▶

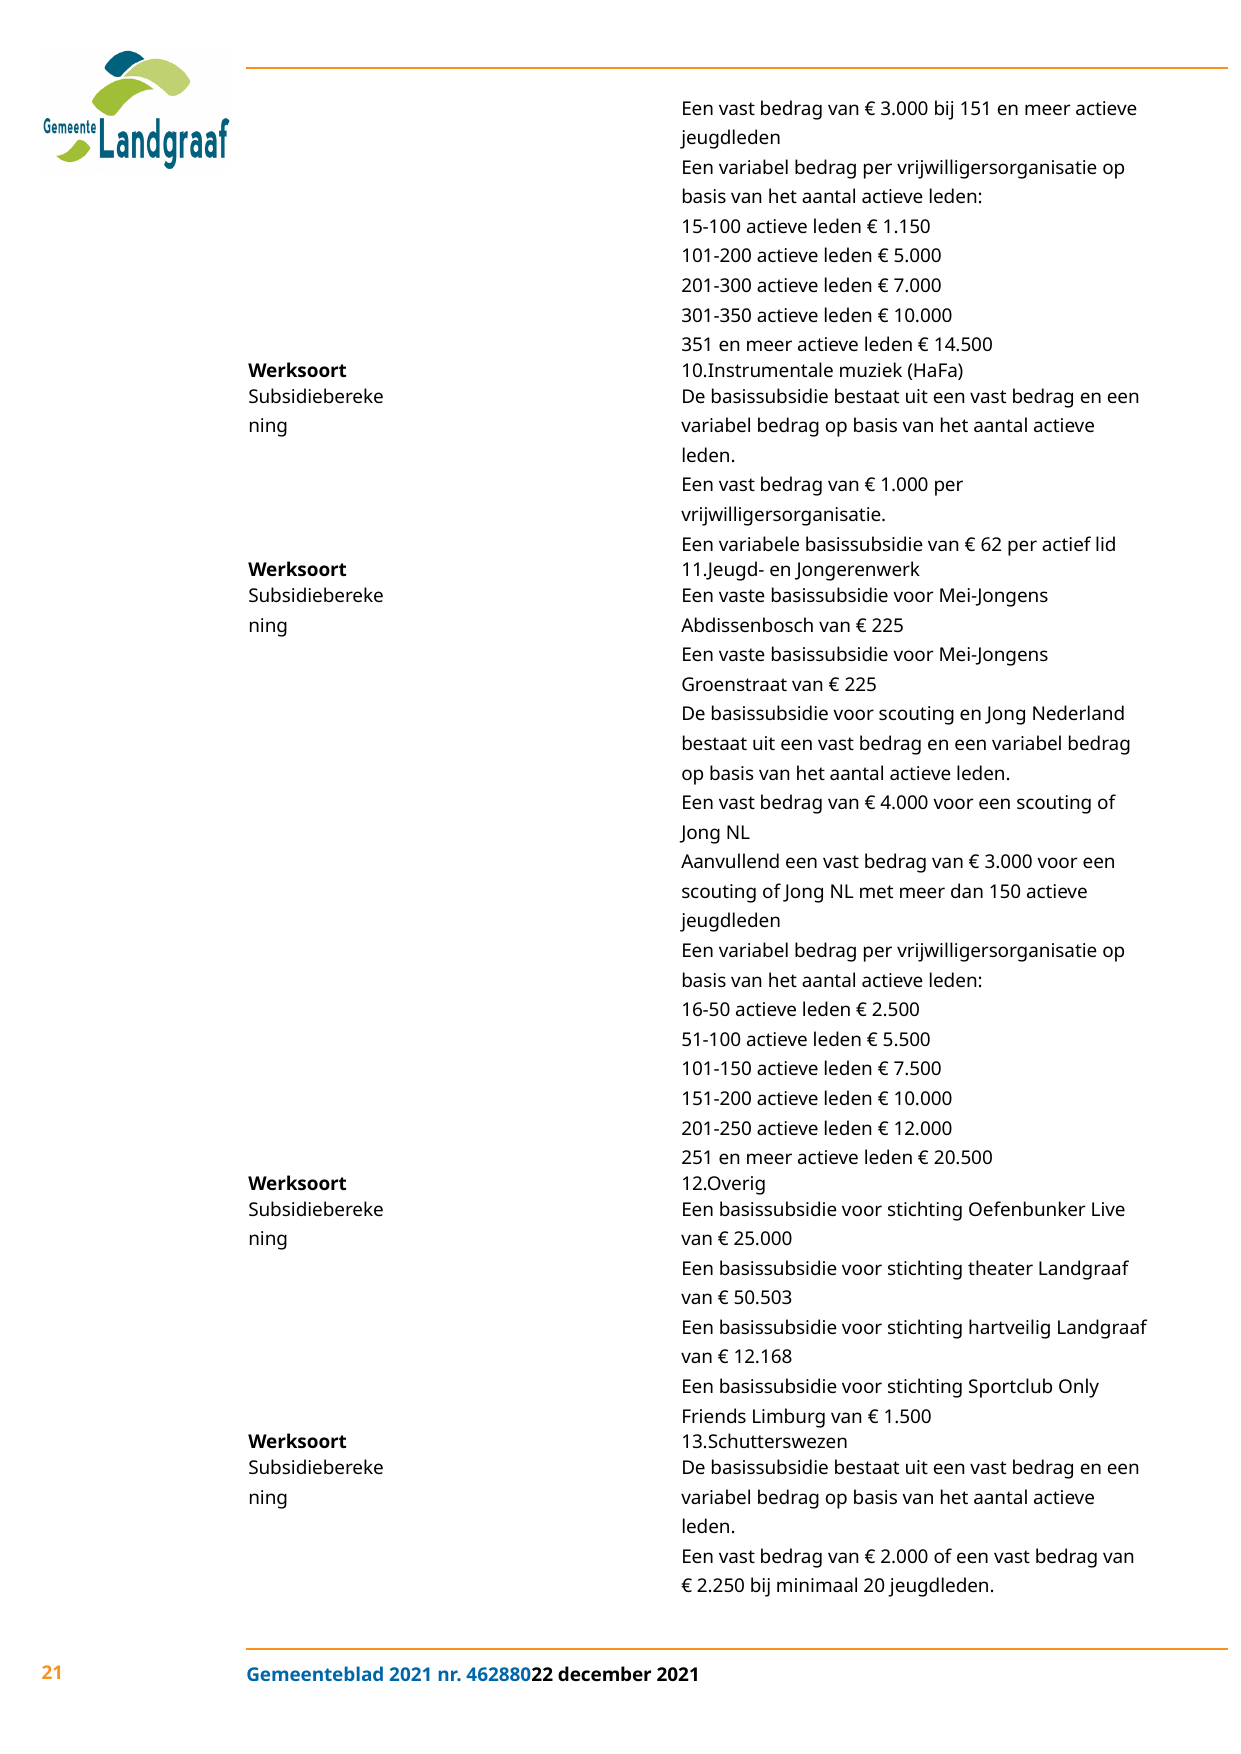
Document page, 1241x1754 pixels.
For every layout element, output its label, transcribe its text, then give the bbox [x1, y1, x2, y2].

table_cell [537, 95, 681, 357]
table_cell 11.Jeugd- en Jongerenwerk [681, 557, 1152, 582]
table_cell [392, 357, 537, 383]
table_cell Werksoort [248, 1429, 392, 1454]
table_cell [537, 383, 681, 557]
table_cell Werksoort [248, 357, 392, 383]
table_cell [392, 95, 537, 357]
table_cell De basissubsidie bestaat uit een vast bedrag en een variabel bedrag op basis van het aantal actieve leden. Een vast bedrag van € 1.000 per vrijwilligersorganisatie. Een variabele basissubsidie van € 62 per actief lid [681, 383, 1152, 557]
table_cell [392, 582, 537, 1170]
table_cell Werksoort [248, 557, 392, 582]
table_cell [392, 1454, 537, 1598]
picture [41, 47, 231, 172]
table_cell 13.Schutterswezen [681, 1429, 1152, 1454]
table_cell [537, 1454, 681, 1598]
table_cell De basissubsidie bestaat uit een vast bedrag en een variabel bedrag op basis van het aantal actieve leden. Een vast bedrag van € 2.000 of een vast bedrag van € 2.250 bij minimaal 20 jeugdleden. [681, 1454, 1152, 1598]
table_cell [392, 1196, 537, 1429]
table_cell Subsidieberekening [248, 582, 392, 1170]
table_cell [392, 383, 537, 557]
table_cell Een vast bedrag van € 3.000 bij 151 en meer actieve jeugdleden Een variabel bedrag per vrijwilligersorganisatie op basis van het aantal actieve leden: 15-100 actieve leden € 1.150 101-200 actieve leden € 5.000 201-300 actieve leden € 7.000 301-350 actieve leden € 10.000 351 en meer actieve leden € 14.500 [681, 95, 1152, 357]
table_cell [248, 95, 392, 357]
table_cell [537, 1170, 681, 1196]
table_cell Subsidieberekening [248, 383, 392, 557]
table_cell [537, 557, 681, 582]
table_cell [537, 1429, 681, 1454]
table_cell 10.Instrumentale muziek (HaFa) [681, 357, 1152, 383]
table_cell Subsidieberekening [248, 1454, 392, 1598]
table_cell [392, 1429, 537, 1454]
table_cell Werksoort [248, 1170, 392, 1196]
table_cell Een vaste basissubsidie voor Mei-Jongens Abdissenbosch van € 225 Een vaste basissubsidie voor Mei-Jongens Groenstraat van € 225 De basissubsidie voor scouting en Jong Nederland bestaat uit een vast bedrag en een variabel bedrag op basis van het aantal actieve leden. Een vast bedrag van € 4.000 voor een scouting of Jong NL Aanvullend een vast bedrag van € 3.000 voor een scouting of Jong NL met meer dan 150 actieve jeugdleden Een variabel bedrag per vrijwilligersorganisatie op basis van het aantal actieve leden: 16-50 actieve leden € 2.500 51-100 actieve leden € 5.500 101-150 actieve leden € 7.500 151-200 actieve leden € 10.000 201-250 actieve leden € 12.000 251 en meer actieve leden € 20.500 [681, 582, 1152, 1170]
table_cell [537, 582, 681, 1170]
table_cell [537, 357, 681, 383]
table_cell 12.Overig [681, 1170, 1152, 1196]
table_cell [537, 1196, 681, 1429]
table_cell [392, 557, 537, 582]
table_cell Subsidieberekening [248, 1196, 392, 1429]
table_cell [392, 1170, 537, 1196]
table_cell Een basissubsidie voor stichting Oefenbunker Live van € 25.000 Een basissubsidie voor stichting theater Landgraaf van € 50.503 Een basissubsidie voor stichting hartveilig Landgraaf van € 12.168 Een basissubsidie voor stichting Sportclub Only Friends Limburg van € 1.500 [681, 1196, 1152, 1429]
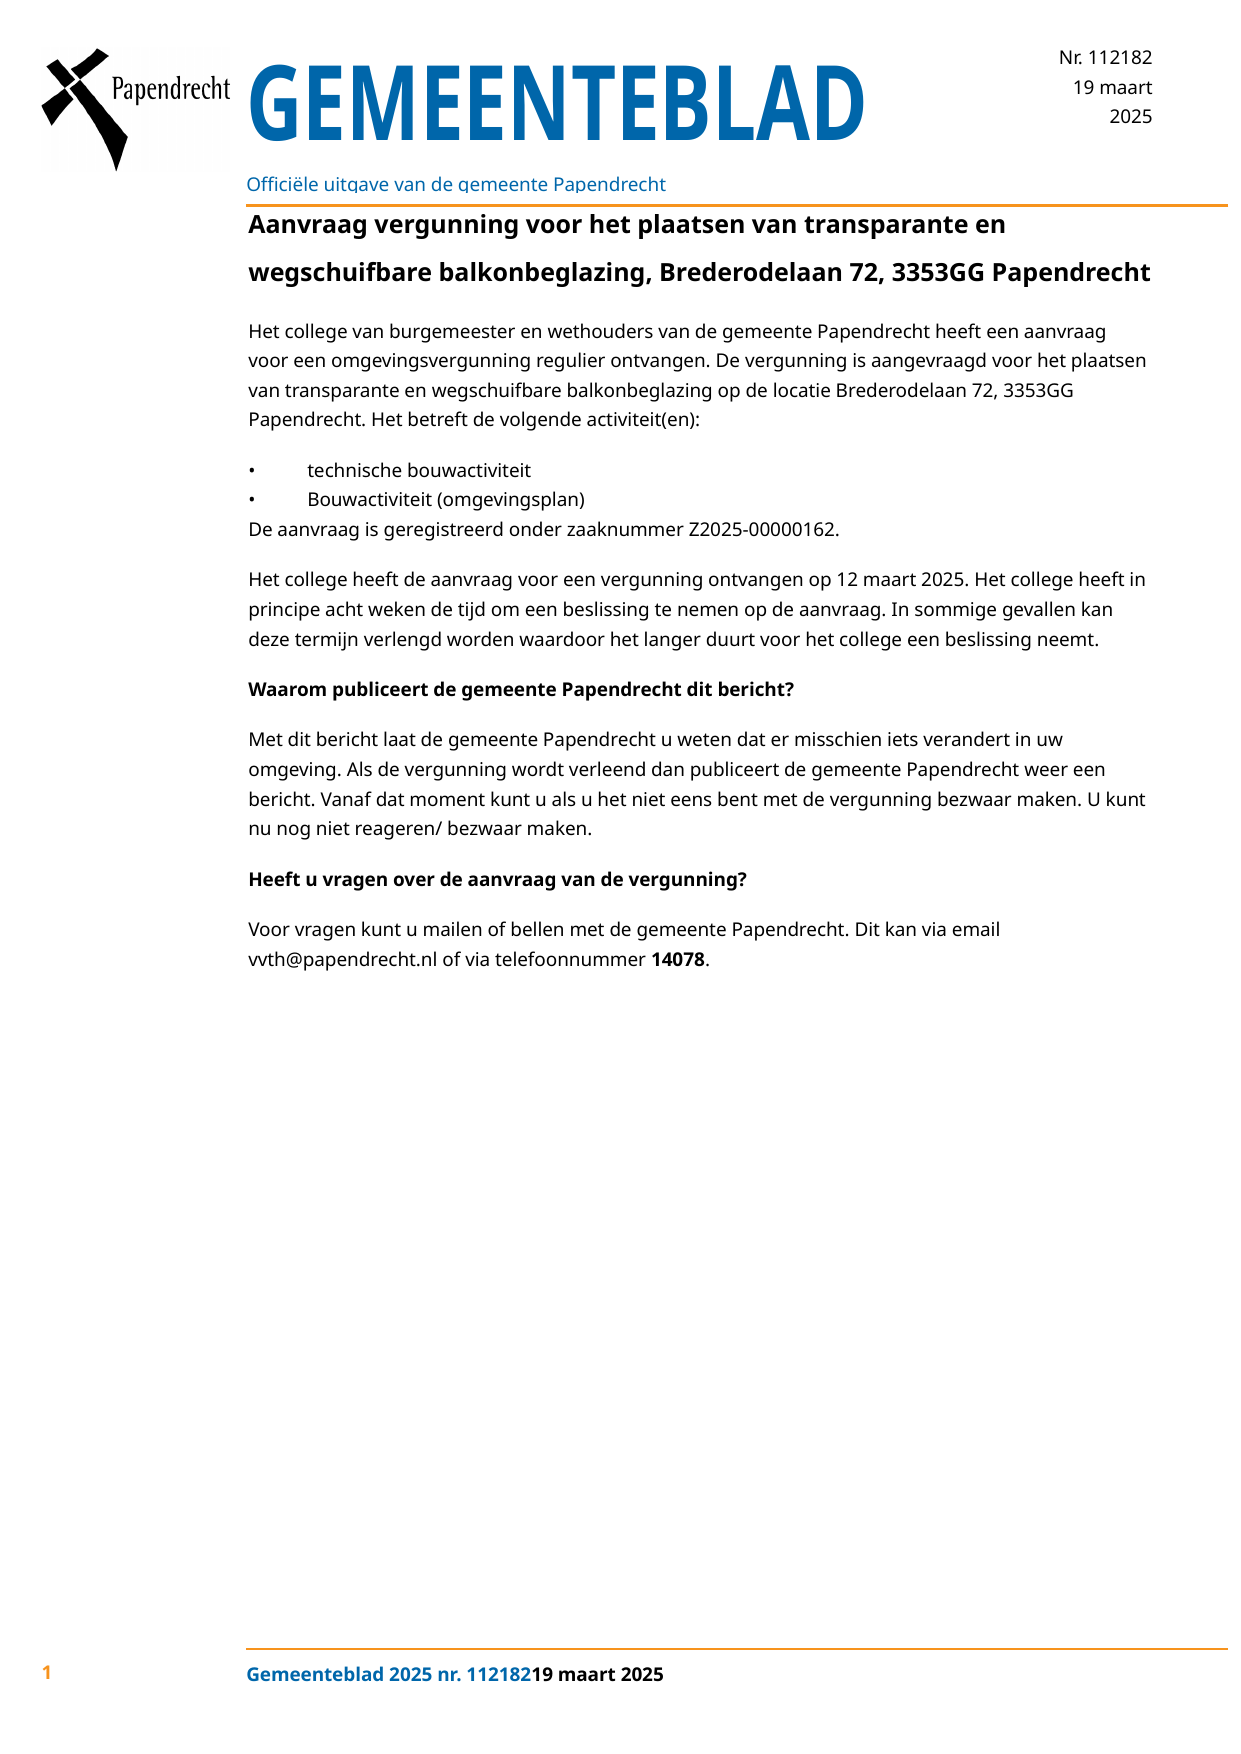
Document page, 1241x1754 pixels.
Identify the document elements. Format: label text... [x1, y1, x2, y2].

text Voor vragen kunt u mailen of bellen met de gemeente Papendrecht. Dit kan via email vvth@papendrecht.nl of via telefoonnummer 14078. [248, 916, 1152, 972]
text Het college van burgemeester en wethouders van de gemeente Papendrecht heeft een aanvraag voor een omgevingsvergunning regulier ontvangen. De vergunning is aangevraagd voor het plaatsen van transparante en wegschuifbare balkonbeglazing op de locatie Brederodelaan 72, 3353GG Papendrecht. Het betreft de volgende activiteit(en): [248, 318, 1152, 432]
text Aanvraag vergunning voor het plaatsen van transparante en wegschuifbare balkonbeglazing, Brederodelaan 72, 3353GG Papendrecht [248, 207, 1152, 288]
text Met dit bericht laat de gemeente Papendrecht u weten dat er misschien iets verandert in uw omgeving. Als de vergunning wordt verleend dan publiceert de gemeente Papendrecht weer een bericht. Vanaf dat moment kunt u als u het niet eens bent met de vergunning bezwaar maken. U kunt nu nog niet reageren/ bezwaar maken. [248, 727, 1152, 841]
text Waarom publiceert de gemeente Papendrecht dit bericht? [248, 676, 1152, 702]
list Bouwactiviteit (omgevingsplan) [248, 487, 1152, 512]
picture [41, 47, 231, 172]
text Heeft u vragen over de aanvraag van de vergunning? [248, 866, 1152, 892]
text Het college heeft de aanvraag voor een vergunning ontvangen op 12 maart 2025. Het college heeft in principe acht weken de tijd om een beslissing te nemen op de aanvraag. In sommige gevallen kan deze termijn verlengd worden waardoor het langer duurt voor het college een beslissing neemt. [248, 567, 1152, 652]
list technische bouwactiviteit [248, 457, 1152, 483]
text De aanvraag is geregistreerd onder zaaknummer Z2025-00000162. [248, 516, 1152, 542]

◀

# Assigned task
Without the pictures, give again exactly the lines above starting at the line containing "table_cell [537, 357, 681, 383]" and ending at the line containing "text Voor vragen".

# Output below
table_cell [537, 357, 681, 383]
table_cell 12.Overig [681, 1170, 1152, 1196]
table_cell [537, 1196, 681, 1429]
table_cell [392, 557, 537, 582]
table_cell Subsidieberekening [248, 1196, 392, 1429]
table_cell [392, 1170, 537, 1196]
table_cell Een basissubsidie voor stichting Oefenbunker Live van € 25.000 Een basissubsidie voor stichting theater Landgraaf van € 50.503 Een basissubsidie voor stichting hartveilig Landgraaf van € 12.168 Een basissubsidie voor stichting Sportclub Only Friends Limburg van € 1.500 [681, 1196, 1152, 1429]
Document page, 1241x1754 pixels.
Identify the document elements. Format: label text... [x1, y1, x2, y2].

text Voor vragen kunt u mailen of bellen met de gemeente Papendrecht. Dit kan via email vvth@papendrecht.nl of via telefoonnummer 14078. [248, 916, 1152, 972]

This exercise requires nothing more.